By now, in the west-southwest you’re counting “… 13, 14 …” Boom! Boom! Boom! It’s only two or three miles away, and now it’s not just a vague illumination on the horizon; it’s spectacular displays of forked lightning from cloud to cloud and cloud to ground. You’re watching this, and if you’re really fortunate, occasionally you’ll see one within the half-mile vision of your eye hitting a tree. Splat! And an oak just opens up. And a scared little boy went back inside the house.

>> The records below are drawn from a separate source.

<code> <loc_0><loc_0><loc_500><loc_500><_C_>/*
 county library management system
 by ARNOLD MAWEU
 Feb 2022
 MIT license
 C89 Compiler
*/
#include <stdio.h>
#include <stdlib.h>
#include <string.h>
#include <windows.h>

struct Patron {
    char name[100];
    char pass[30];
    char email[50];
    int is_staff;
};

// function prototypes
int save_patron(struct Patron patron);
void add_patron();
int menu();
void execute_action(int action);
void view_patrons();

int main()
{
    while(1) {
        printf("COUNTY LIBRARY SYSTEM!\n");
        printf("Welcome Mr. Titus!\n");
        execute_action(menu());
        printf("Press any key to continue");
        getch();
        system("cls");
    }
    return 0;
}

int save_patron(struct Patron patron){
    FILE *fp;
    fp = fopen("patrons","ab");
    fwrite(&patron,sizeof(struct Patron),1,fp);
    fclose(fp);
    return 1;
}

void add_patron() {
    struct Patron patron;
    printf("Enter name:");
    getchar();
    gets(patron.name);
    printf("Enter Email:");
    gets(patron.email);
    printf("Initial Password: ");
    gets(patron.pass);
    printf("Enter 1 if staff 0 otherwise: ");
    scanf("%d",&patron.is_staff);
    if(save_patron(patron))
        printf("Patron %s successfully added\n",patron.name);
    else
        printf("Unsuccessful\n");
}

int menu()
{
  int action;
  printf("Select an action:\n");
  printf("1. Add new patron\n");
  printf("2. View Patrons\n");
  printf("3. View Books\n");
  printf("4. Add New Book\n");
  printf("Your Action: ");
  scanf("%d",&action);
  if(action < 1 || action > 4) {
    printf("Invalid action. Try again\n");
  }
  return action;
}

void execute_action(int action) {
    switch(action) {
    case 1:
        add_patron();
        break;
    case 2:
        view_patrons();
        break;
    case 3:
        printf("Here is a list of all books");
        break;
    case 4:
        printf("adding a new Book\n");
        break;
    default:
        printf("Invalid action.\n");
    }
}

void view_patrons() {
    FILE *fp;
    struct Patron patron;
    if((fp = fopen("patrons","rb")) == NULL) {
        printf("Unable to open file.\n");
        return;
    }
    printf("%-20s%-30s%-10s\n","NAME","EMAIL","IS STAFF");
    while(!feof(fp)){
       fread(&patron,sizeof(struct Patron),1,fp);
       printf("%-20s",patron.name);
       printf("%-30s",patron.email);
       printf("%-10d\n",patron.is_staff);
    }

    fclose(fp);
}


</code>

In the days before nuclear power, there was no greater display of sheer raw energy known to human beings than nature unleashed, and a really good one was terrifying. It is still pretty terrifying. Ask the people of Kobe. Around God’s throne, emerging right from the throne, is terrible thunder and lightning. That’s what you have here. On the one hand, this will be reminiscent, for people of biblical background, of the giving of the Law.

When God comes down on Mount Sinai, the whole mountain is shaking from the thunder and lightning, and the people cry out, “We don’t want to get any closer to this God. Moses, you stand in for us. You talk to him for us. We can’t get closer to this God. He’s too terrifying.” Why? Because they saw God and they were scared? No, they just saw some of his milder manifestations, what we think of as terrible thunderstorms, and they were scared. At least they had the sense to be scared.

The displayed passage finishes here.